Братья Микулины добивали охрану. Рем с жёлтой повязкой на рукаве, уже вопросительно поглядывал на Цветаева.

– Вниз! – снова крикнул Цветаев всем тем, пленным, которые бежали навстречу. Вниз! Орлов! – крикнул Цветаев, вертя головой. – Орлов! Герка! Видел Орлова! – схватил он за руку пленного, который не мог сообразить, что ему делать. – Видел?!

Но пленный вырвался и побежал прочь.

– Где Орлов?! – схватил Цветаев другого.

Он так торопился, что у него даже не было времени, что произнести обычное жаглинское: «Ляха бляха!», чтобы напугать человека.

– Какой Орлов? – человек уставился на него невидящими глазами. – Отпусти! Ты что с ума сошёл? – Но, увидев «Машку», испугался ещё больше, решив, что его сейчас убьют.

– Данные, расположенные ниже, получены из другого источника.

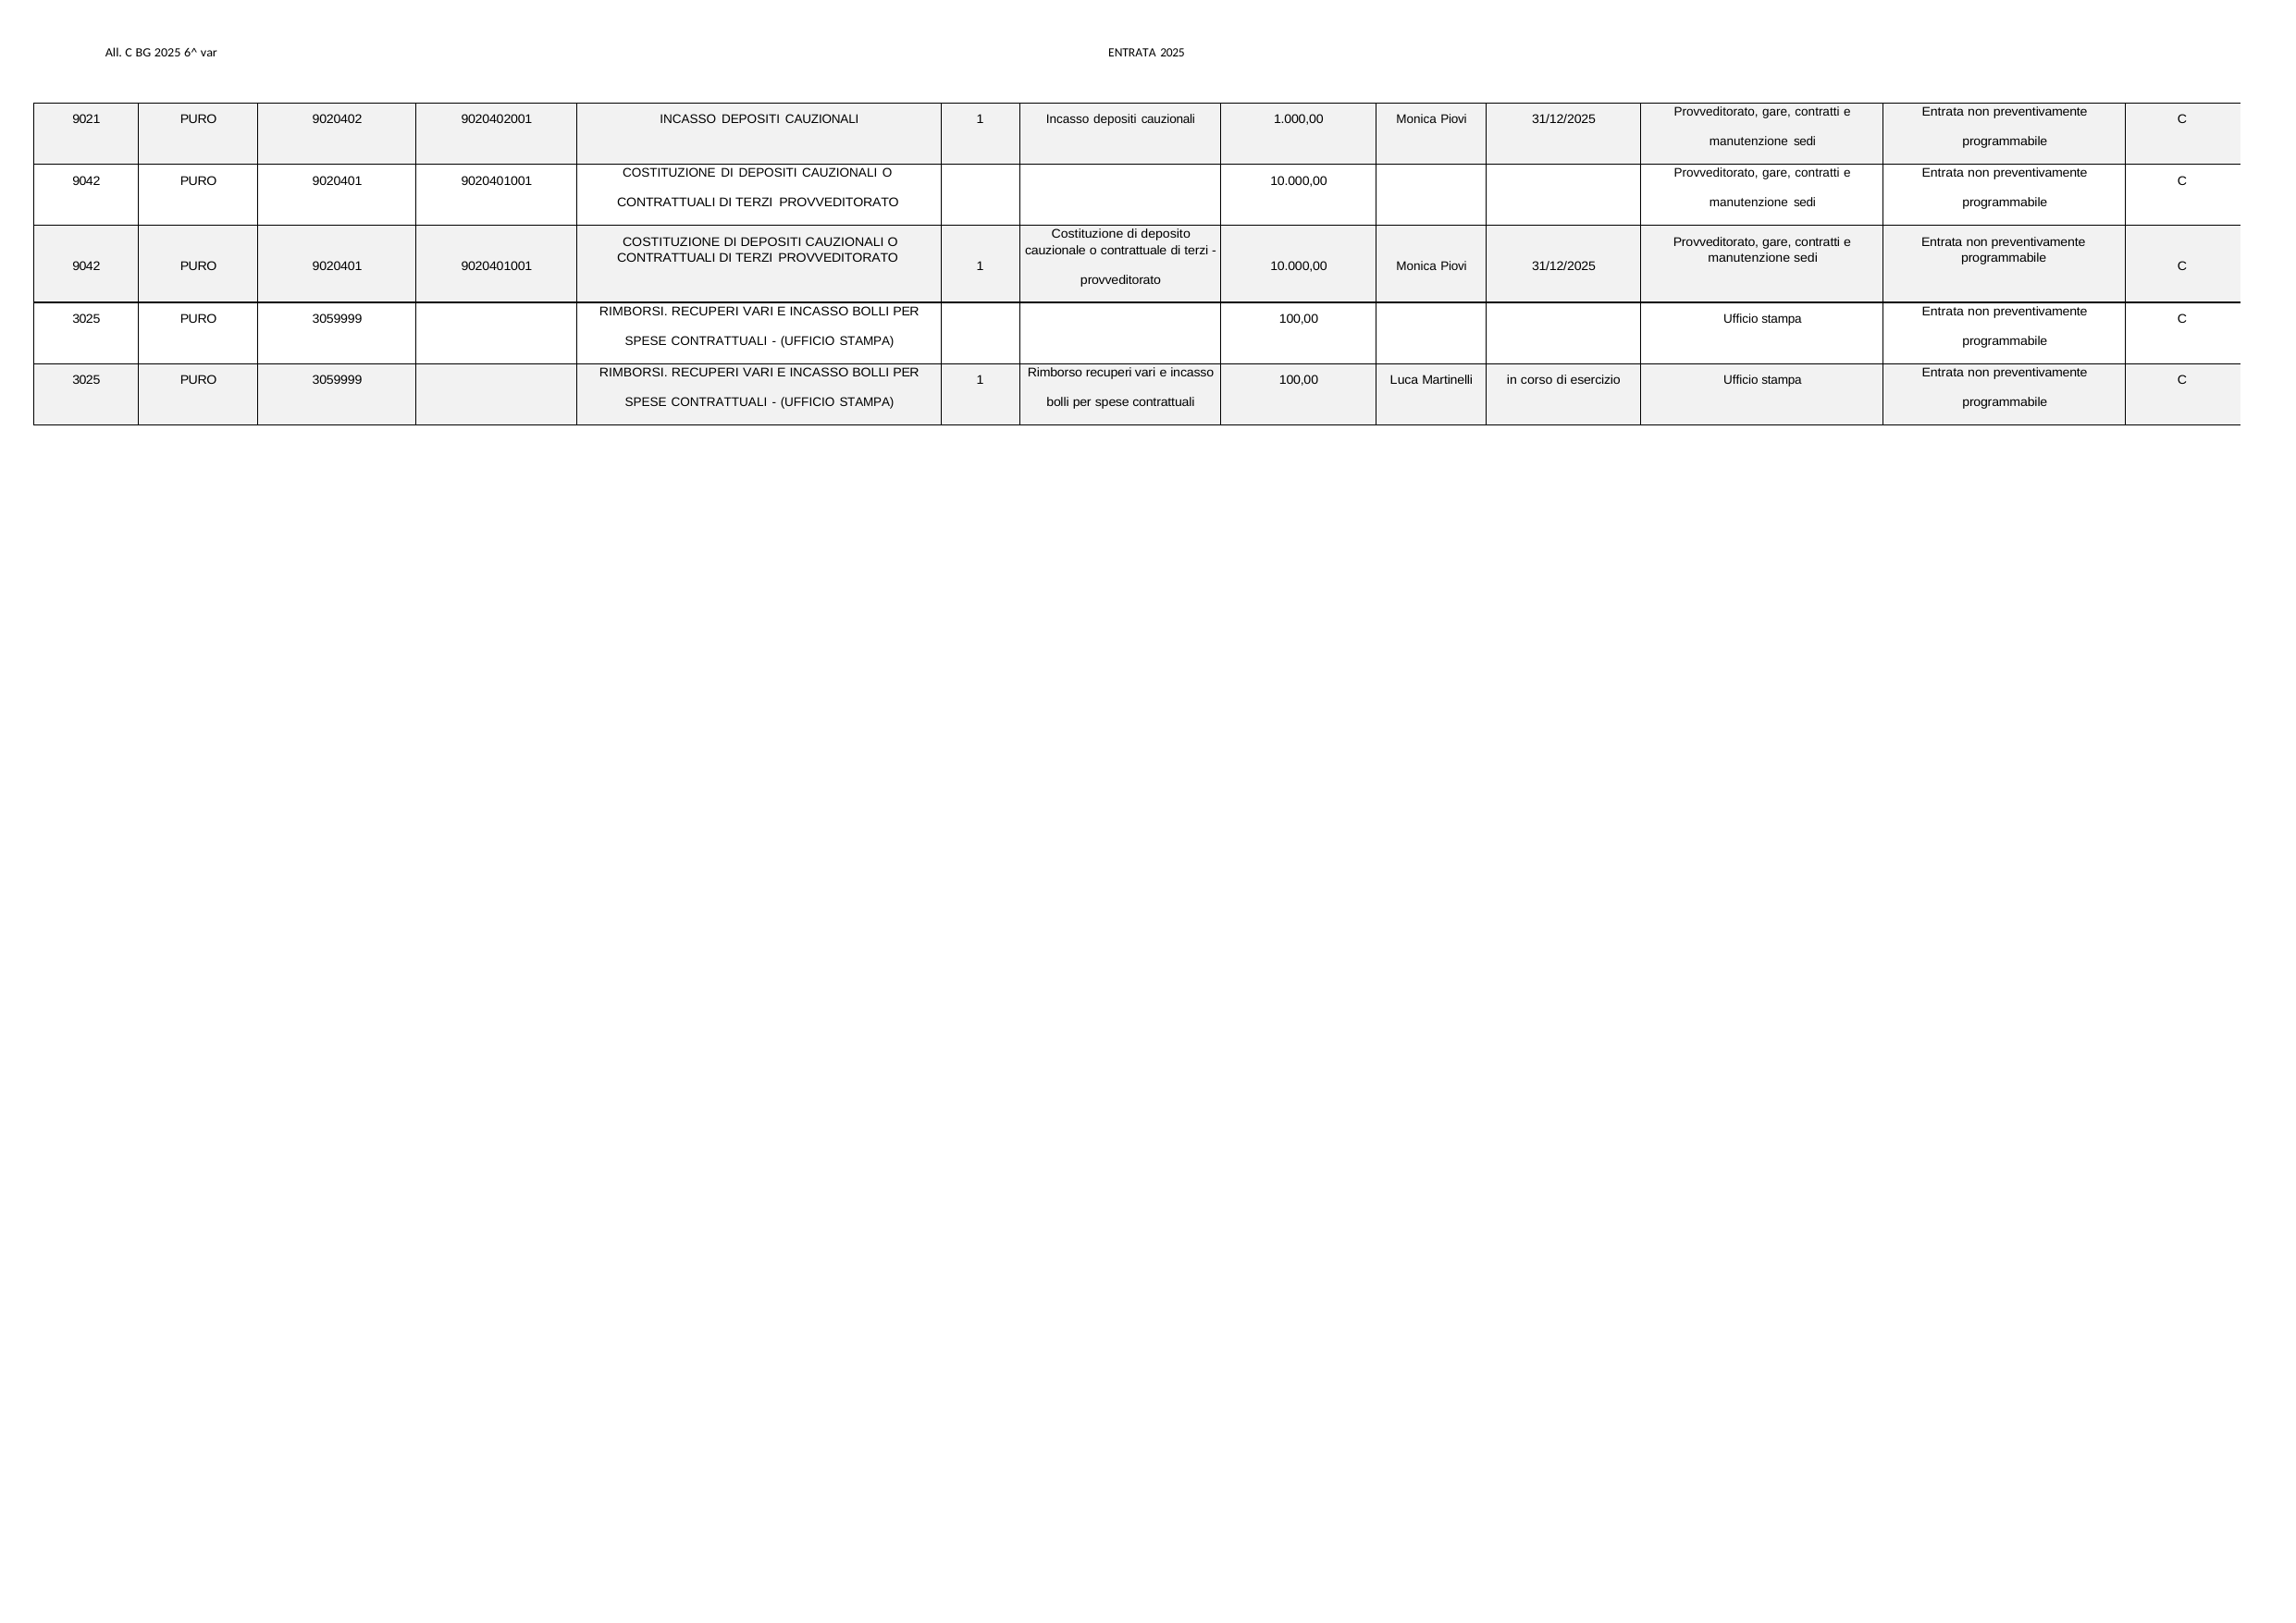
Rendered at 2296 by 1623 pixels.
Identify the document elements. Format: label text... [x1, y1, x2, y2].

table_cell PURO [139, 165, 257, 225]
table_cell 100,00 [1221, 303, 1376, 363]
table_cell Costituzione di deposito cauzionale o contrattuale di terzi - provveditorato [1020, 226, 1220, 301]
table_cell 31/12/2025 [1487, 104, 1640, 164]
table_cell [1020, 165, 1220, 225]
table_cell Luca Martinelli [1376, 364, 1486, 424]
table_cell Provveditorato, gare, contratti e manutenzione sedi [1641, 104, 1882, 164]
table_cell PURO [139, 104, 257, 164]
table_cell 9042 [34, 165, 138, 225]
table_cell Ufficio stampa [1641, 364, 1882, 424]
table_cell PURO [139, 364, 257, 424]
table_cell [1020, 303, 1220, 363]
table_cell 9020402 [258, 104, 415, 164]
table_cell 9020401001 [416, 165, 576, 225]
table_cell Entrata non preventivamente programmabile [1883, 165, 2125, 225]
table_cell [416, 303, 576, 363]
table_cell 10.000,00 [1221, 165, 1376, 225]
table_cell C [2126, 226, 2240, 301]
table_cell 3059999 [258, 364, 415, 424]
table_cell 3025 [34, 364, 138, 424]
table_cell [1376, 165, 1486, 225]
table_cell 31/12/2025 [1487, 226, 1640, 301]
table_cell 3059999 [258, 303, 415, 363]
table_cell Monica Piovi [1376, 226, 1486, 301]
table_cell [942, 303, 1019, 363]
table_cell RIMBORSI. RECUPERI VARI E INCASSO BOLLI PER SPESE CONTRATTUALI - (UFFICIO STAMPA) [577, 364, 941, 424]
table_cell 9020402001 [416, 104, 576, 164]
table_cell Ufficio stampa [1641, 303, 1882, 363]
table_cell 9020401001 [416, 226, 576, 301]
table_cell in corso di esercizio [1487, 364, 1640, 424]
table_cell [1376, 303, 1486, 363]
table_cell Incasso depositi cauzionali [1020, 104, 1220, 164]
table_cell C [2126, 303, 2240, 363]
table_cell C [2126, 104, 2240, 164]
table_cell Entrata non preventivamente programmabile [1883, 303, 2125, 363]
table_cell Monica Piovi [1376, 104, 1486, 164]
table_cell 100,00 [1221, 364, 1376, 424]
table_cell Entrata non preventivamente programmabile [1883, 226, 2125, 301]
table_cell [416, 364, 576, 424]
table_cell [1487, 165, 1640, 225]
table_cell 9020401 [258, 226, 415, 301]
table_cell 1 [942, 364, 1019, 424]
table_cell [1487, 303, 1640, 363]
table_cell 1 [942, 104, 1019, 164]
table_cell C [2126, 364, 2240, 424]
table_cell INCASSO DEPOSITI CAUZIONALI [577, 104, 941, 164]
table_cell C [2126, 165, 2240, 225]
table_cell COSTITUZIONE DI DEPOSITI CAUZIONALI O CONTRATTUALI DI TERZI PROVVEDITORATO [577, 226, 941, 301]
table_cell 9042 [34, 226, 138, 301]
table_cell RIMBORSI. RECUPERI VARI E INCASSO BOLLI PER SPESE CONTRATTUALI - (UFFICIO STAMPA) [577, 303, 941, 363]
table_cell 9020401 [258, 165, 415, 225]
table_cell [942, 165, 1019, 225]
table_cell 1.000,00 [1221, 104, 1376, 164]
table_cell COSTITUZIONE DI DEPOSITI CAUZIONALI O CONTRATTUALI DI TERZI PROVVEDITORATO [577, 165, 941, 225]
table_cell 9021 [34, 104, 138, 164]
table_cell PURO [139, 303, 257, 363]
table_cell 1 [942, 226, 1019, 301]
table_cell PURO [139, 226, 257, 301]
table_cell Provveditorato, gare, contratti e manutenzione sedi [1641, 226, 1882, 301]
table_cell 3025 [34, 303, 138, 363]
table_cell Provveditorato, gare, contratti e manutenzione sedi [1641, 165, 1882, 225]
table_cell Rimborso recuperi vari e incasso bolli per spese contrattuali [1020, 364, 1220, 424]
table_cell 10.000,00 [1221, 226, 1376, 301]
table_cell Entrata non preventivamente programmabile [1883, 104, 2125, 164]
table_cell Entrata non preventivamente programmabile [1883, 364, 2125, 424]

– Со шрамом на лице, – показал Цветаев.

– А! – облегчение кивнул пленный. – Так он в клетке.

– Где?!

– Там! – морщась, крикнул пленный. – Отпусти!

Цветаев побежал вверх по улице, туда, куда побежала большая часть пленных. Он вдруг сообразил, почему они так делают: подальше от майдана, которого боятся пуще смерти, не зная, что майдану сейчас не до них, что он спасает свои жизни и свои идеалы, ибо нет ничего идеальней, чем вонючие палатки, крысы и грязные баррикады.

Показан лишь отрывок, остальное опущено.